EXERCISE GOAL: The records below hold a stretch from the line with "Your response must be concise. No." through the line with "Offer a terse response. 1."; return exactly those lines, ends included, and nothing more.

SUPPLIED RECORDS:
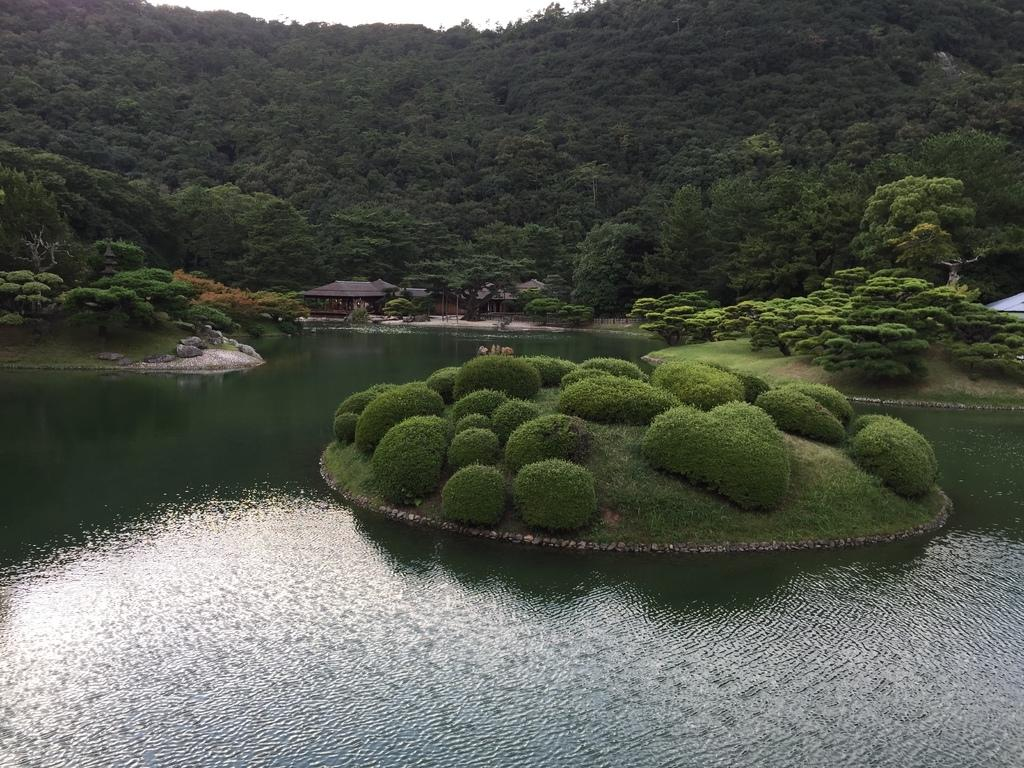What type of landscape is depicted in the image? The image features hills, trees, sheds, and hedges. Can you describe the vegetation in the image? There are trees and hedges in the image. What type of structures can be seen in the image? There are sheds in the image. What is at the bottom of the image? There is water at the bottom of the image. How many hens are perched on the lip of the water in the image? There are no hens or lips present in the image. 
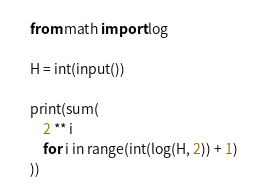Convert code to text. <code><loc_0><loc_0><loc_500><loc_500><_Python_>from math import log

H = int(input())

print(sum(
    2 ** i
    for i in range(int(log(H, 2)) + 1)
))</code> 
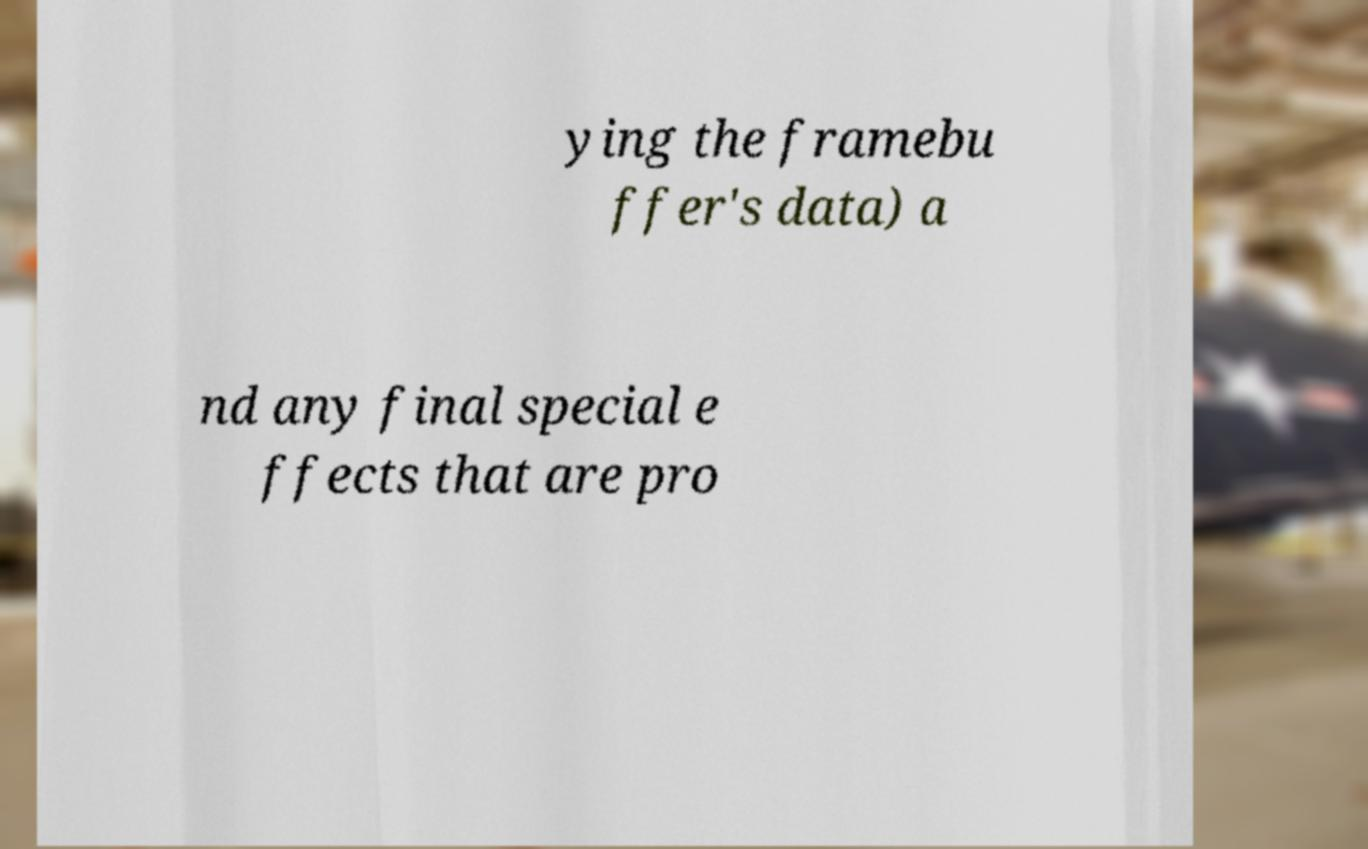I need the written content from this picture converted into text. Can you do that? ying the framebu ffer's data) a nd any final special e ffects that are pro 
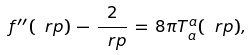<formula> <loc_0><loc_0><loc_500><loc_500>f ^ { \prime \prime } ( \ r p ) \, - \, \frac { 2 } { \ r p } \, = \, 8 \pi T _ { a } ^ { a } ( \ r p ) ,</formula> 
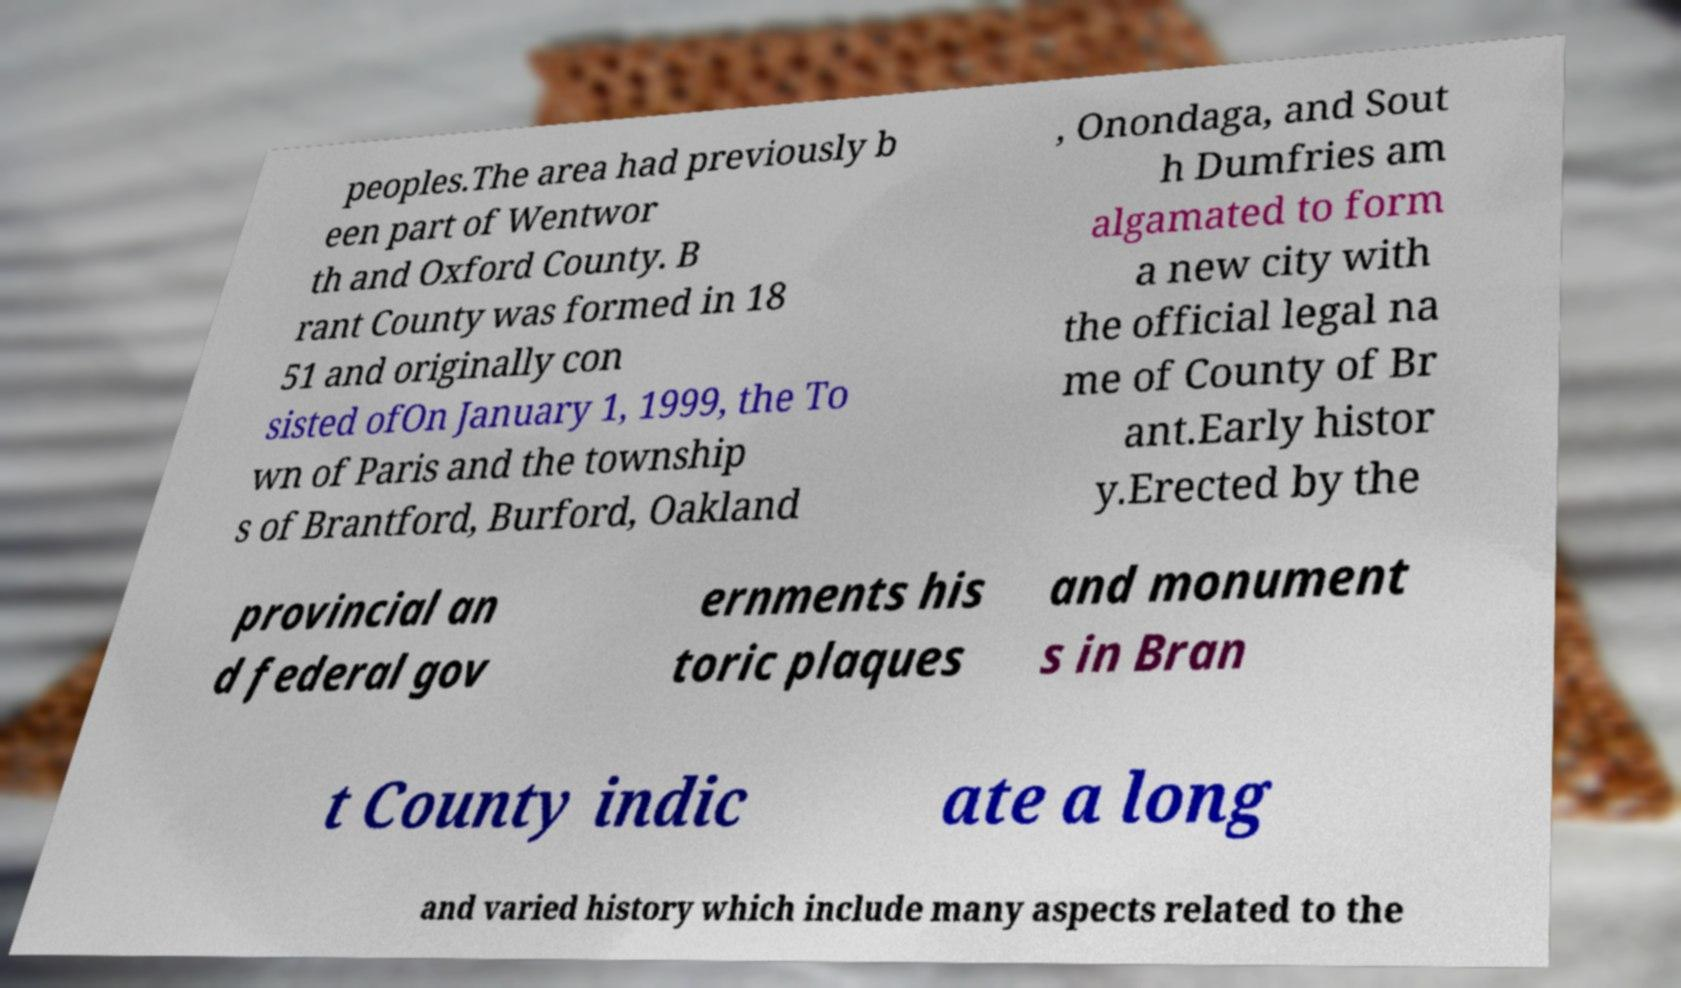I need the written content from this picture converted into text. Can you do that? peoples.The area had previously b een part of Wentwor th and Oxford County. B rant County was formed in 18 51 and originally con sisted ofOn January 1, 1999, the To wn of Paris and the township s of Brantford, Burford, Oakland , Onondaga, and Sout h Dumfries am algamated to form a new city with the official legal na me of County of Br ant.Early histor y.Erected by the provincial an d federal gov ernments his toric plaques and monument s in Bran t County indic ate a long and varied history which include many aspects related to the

...

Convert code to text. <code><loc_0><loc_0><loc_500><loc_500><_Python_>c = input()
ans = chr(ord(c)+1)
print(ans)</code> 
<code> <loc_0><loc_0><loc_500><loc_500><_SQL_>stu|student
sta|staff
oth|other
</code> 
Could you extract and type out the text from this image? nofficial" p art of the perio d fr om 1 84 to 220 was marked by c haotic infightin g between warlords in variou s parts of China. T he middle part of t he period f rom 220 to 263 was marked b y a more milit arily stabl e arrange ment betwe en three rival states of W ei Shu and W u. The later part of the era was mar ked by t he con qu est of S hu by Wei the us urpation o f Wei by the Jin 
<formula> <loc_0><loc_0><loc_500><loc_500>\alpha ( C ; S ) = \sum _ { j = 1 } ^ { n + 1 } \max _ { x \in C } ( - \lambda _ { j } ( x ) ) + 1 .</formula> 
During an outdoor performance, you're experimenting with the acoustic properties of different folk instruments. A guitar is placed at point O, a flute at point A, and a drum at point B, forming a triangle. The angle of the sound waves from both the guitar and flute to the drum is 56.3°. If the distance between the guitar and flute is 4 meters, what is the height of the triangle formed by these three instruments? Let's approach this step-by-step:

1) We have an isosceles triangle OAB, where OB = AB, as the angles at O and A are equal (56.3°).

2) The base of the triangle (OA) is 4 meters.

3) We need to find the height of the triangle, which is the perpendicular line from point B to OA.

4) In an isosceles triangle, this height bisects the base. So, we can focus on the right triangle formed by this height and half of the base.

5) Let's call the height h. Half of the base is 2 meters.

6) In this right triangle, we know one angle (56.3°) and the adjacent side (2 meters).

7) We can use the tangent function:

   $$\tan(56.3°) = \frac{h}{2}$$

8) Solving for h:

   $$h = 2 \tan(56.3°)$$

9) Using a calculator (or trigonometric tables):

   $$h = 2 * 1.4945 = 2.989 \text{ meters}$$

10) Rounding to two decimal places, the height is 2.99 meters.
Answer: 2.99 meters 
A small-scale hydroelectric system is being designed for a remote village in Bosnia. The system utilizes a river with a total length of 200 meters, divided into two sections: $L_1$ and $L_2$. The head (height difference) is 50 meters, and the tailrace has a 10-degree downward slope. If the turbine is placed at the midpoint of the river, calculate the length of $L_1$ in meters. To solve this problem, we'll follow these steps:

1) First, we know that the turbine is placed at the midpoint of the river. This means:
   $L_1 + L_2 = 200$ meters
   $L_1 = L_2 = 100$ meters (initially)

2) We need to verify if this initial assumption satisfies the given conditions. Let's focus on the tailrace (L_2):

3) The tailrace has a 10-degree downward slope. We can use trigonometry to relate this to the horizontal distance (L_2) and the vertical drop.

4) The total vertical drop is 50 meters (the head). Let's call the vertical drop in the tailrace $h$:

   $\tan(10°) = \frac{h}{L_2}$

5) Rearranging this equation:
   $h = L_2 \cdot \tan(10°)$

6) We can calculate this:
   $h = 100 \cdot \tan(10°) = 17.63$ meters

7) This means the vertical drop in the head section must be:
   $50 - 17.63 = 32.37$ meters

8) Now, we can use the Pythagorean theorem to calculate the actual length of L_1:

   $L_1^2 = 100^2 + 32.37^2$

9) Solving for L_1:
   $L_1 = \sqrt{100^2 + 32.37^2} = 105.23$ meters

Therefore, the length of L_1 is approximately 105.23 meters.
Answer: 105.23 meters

==

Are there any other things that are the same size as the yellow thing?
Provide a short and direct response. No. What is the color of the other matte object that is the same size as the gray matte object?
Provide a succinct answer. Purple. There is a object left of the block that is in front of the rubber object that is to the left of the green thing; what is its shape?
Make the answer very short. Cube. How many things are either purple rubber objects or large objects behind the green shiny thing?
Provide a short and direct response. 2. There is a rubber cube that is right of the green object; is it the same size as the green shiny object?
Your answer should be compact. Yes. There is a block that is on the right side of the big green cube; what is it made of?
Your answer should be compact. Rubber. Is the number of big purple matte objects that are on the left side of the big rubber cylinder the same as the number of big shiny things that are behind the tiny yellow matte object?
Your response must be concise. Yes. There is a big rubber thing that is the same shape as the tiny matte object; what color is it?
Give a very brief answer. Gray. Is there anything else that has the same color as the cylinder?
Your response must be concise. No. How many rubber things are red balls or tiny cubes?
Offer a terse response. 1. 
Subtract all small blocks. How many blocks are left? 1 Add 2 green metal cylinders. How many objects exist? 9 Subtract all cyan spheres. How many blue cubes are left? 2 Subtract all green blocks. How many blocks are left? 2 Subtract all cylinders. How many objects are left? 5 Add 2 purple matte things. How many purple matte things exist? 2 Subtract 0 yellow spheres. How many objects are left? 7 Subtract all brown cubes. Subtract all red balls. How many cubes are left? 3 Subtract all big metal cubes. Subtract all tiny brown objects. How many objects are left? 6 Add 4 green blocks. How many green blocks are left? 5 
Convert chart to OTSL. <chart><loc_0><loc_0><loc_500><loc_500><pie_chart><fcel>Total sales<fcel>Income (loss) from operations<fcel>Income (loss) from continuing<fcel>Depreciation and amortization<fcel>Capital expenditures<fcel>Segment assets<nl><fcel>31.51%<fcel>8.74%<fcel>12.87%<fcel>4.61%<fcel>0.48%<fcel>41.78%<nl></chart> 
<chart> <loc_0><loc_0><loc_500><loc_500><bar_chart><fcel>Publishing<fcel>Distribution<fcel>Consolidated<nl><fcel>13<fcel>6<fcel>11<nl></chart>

RESULT FOR THIS EXERCISE:
Your response must be concise. No. How many rubber things are red balls or tiny cubes?
Offer a terse response. 1. 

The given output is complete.